Slow cooker chicken stock is an easy recipe that you can use to make flavorful soups such as Sicilian Chicken Soup or stews like our Chicken Stew Recipe. Stock is made with chicken bones, fresh vegetables, aromatics, and spices and then slow simmered in a crock pot.

As the bones and vegetables cook, fat will float to the top. You can easily remove it with a slotted spoon while the broth is cooking. When it’s done, you can strain it through a fine sieve and then again with cheesecloth for clear stock. Don’t worry if it’s a bit cloudy, it will still taste amazing.

Use this rich stock immediately or freeze it for later.

Ingredients

  • Bones and skin from 1 whole rotisserie or roasted chicken
  • Onion
  • Carrots
  • Celery
  • Thyme
  • Parsley
  • Garlic
  • Bay leaves
  • Black peppercorns
  • Water
Slow Cooker Chicken Stock from Rotisserie Chicken - Little Broken (2)

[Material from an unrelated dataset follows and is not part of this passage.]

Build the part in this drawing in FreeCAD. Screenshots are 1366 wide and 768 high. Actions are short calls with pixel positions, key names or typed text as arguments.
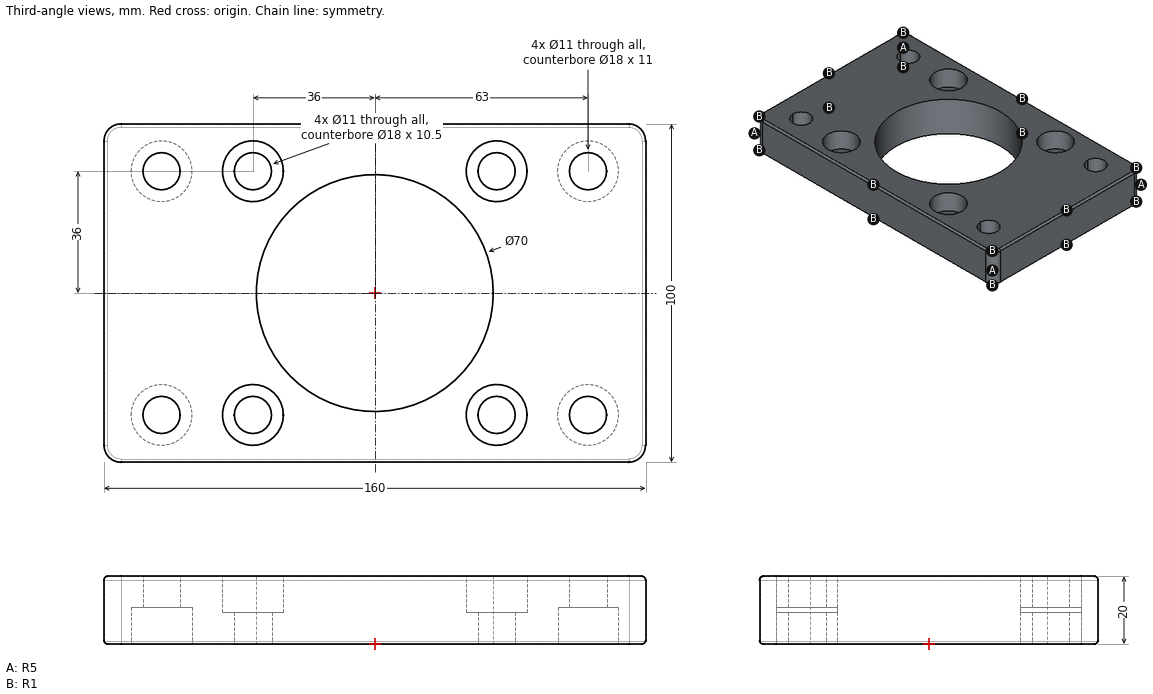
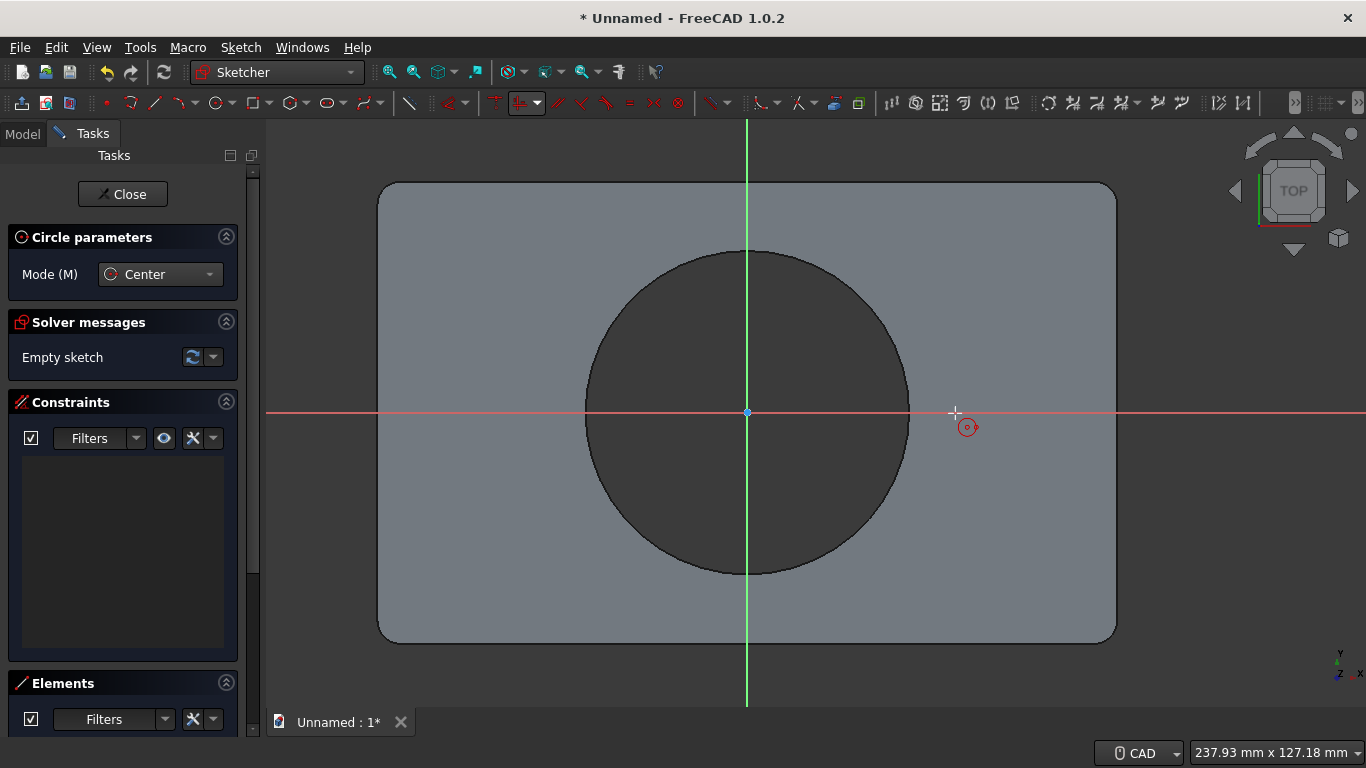
click(581, 246)
click(599, 228)
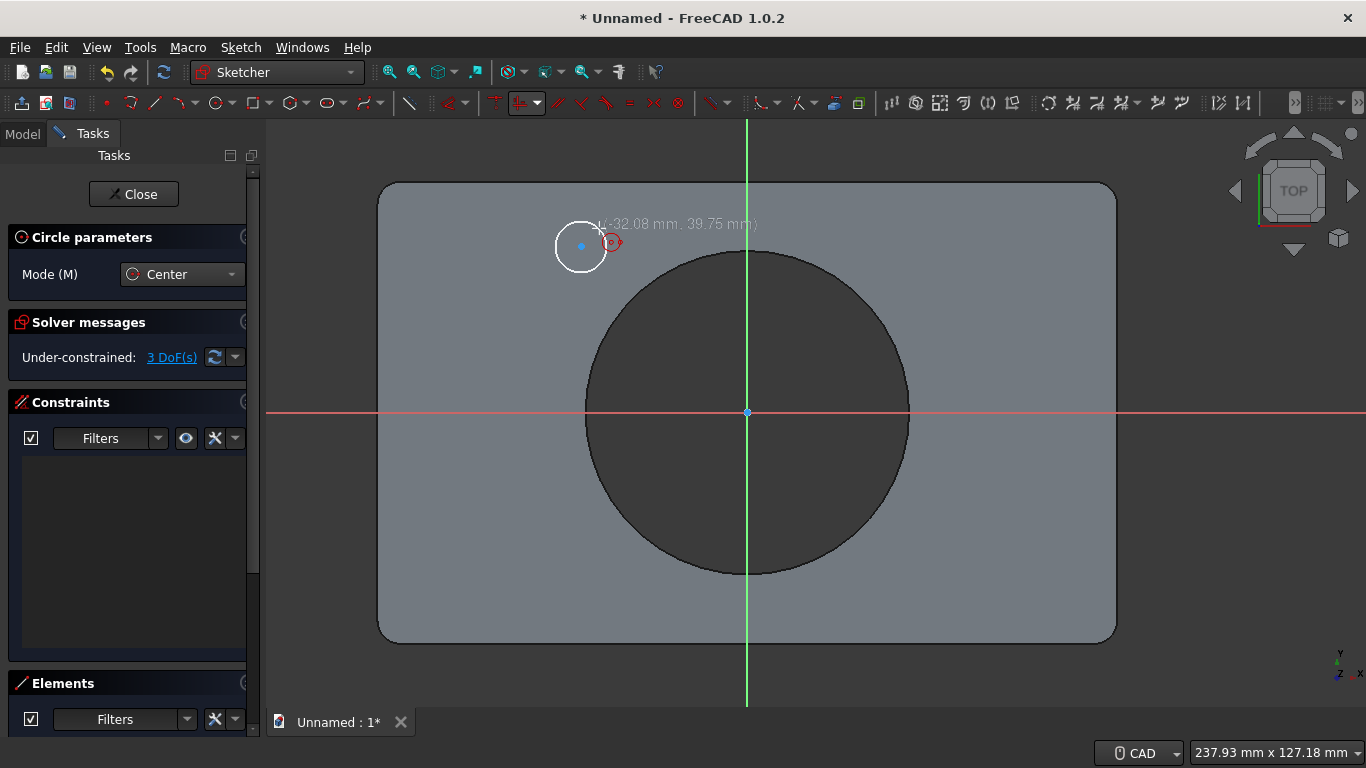
click(914, 246)
click(932, 228)

How to Make Slow Cooker Chicken Stock

Here are the steps to make this delicious stock. While it has a long cooking time, it’s totally worth the wait!

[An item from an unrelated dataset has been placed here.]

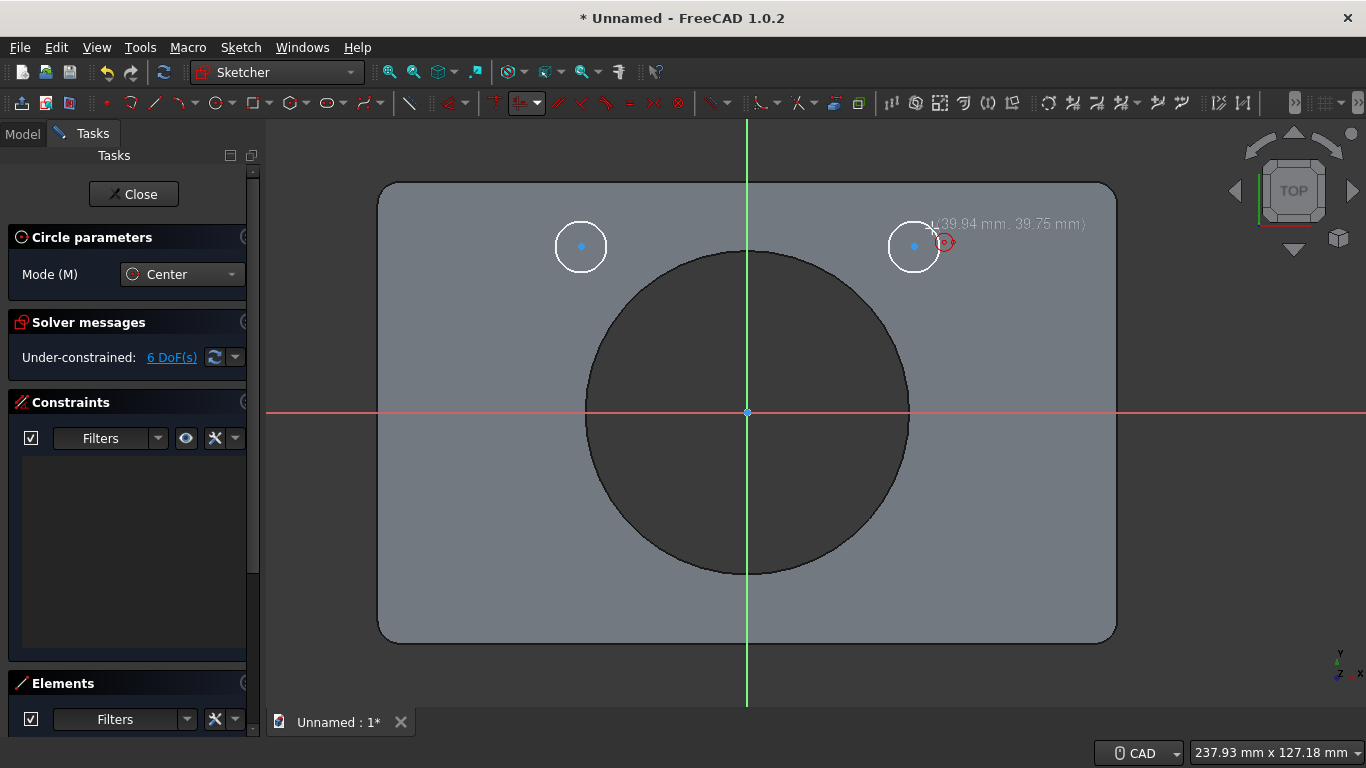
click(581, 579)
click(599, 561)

  1. Combine the ingredients: Combine all ingredients in the slow cooker. Cover with water. It’s okay if not everything is fully submerged.
  2. Cook: Cook on low for 8 hours.
  3. Remove the bones: After the stock is done cooking, remove all the bones and vegetables with a pair of tongs or a large slotted spoon.
  4. Strain: Pour the stock through a fine mesh strainer and into a large bowl.
Slow Cooker Chicken Stock from Rotisserie Chicken - Little Broken (3)

Other Ingredients You Can Add

You can change the ingredients to get the differently flavored stock. Here are some other ingredients you can use in this slow cooker chicken stock recipe.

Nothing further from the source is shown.